É por isso que apenas uma mulher – Rachida, a faxineira da escola – tem voz no filme?
Bensmaïl – Rachida é incrível. Ela me deu uma lição maravilhosa sobre liberdade! Ela vem de uma aldeia no sul da Argélia, de onde precisou sair porque era divorciada e, portanto, considerada prostituta. Era impossível entrevistar outras mulheres, embora nessa região elas tenham sido conhecidas pelo gerenciamento da economia – a fabricação de tapetes e a agricultura estavam em suas mãos. Hoje elas ficam escondidas atrás das paredes de suas casas.
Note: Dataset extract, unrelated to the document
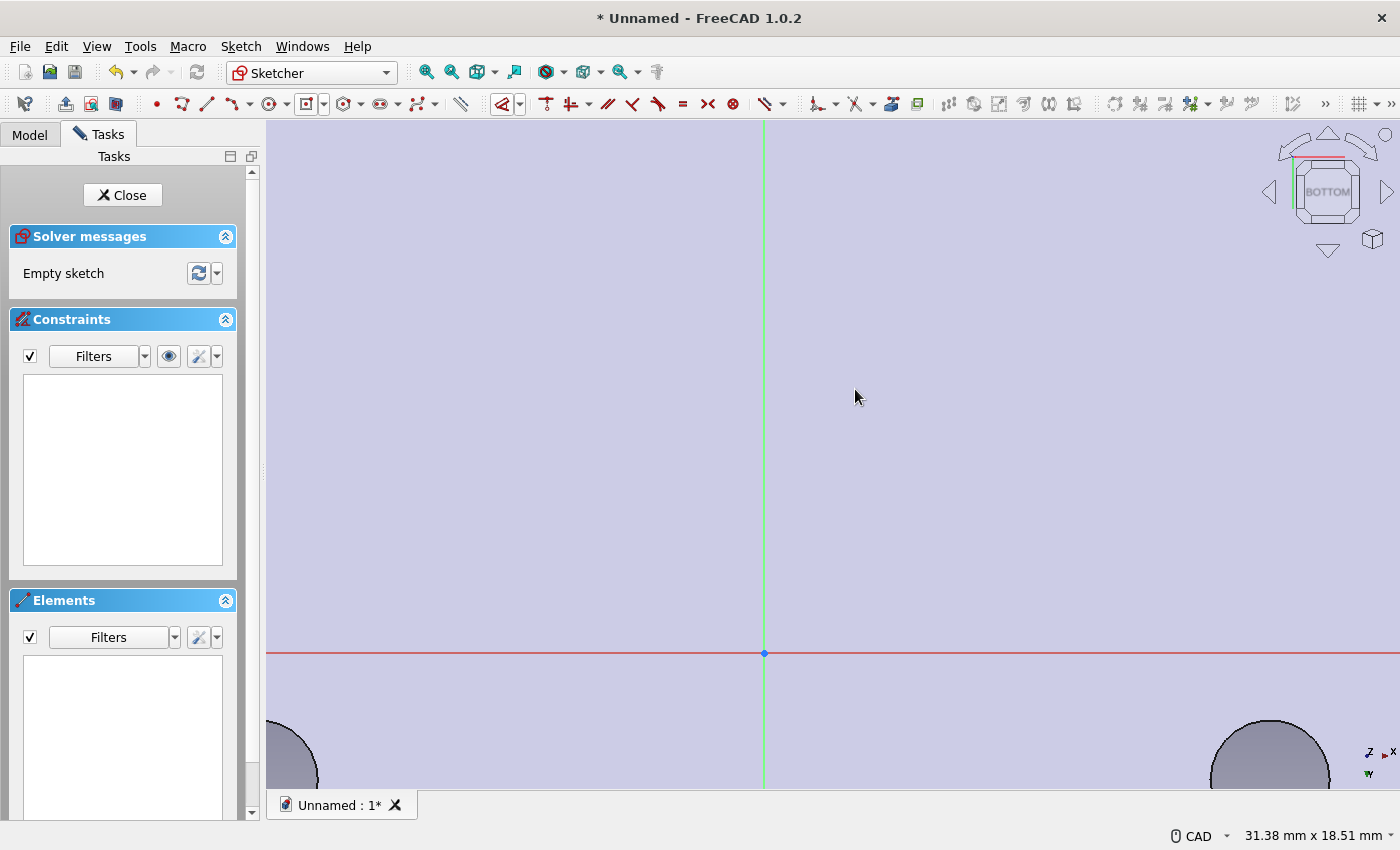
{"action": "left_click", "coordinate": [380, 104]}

No interior, elas dificilmente saem de casa, mesmo com véus. São os homens que vão aos mercados. Os anos de islamismo e conservadorismo destruíram o papel social tradicional das mulheres e todos os ganhos que elas haviam conquistado com sua emancipação. Durante as filmagens, elas nos mandavam bandejas de comidas, bolos e cafés por meio das crianças, mas não víamos nenhuma mulher.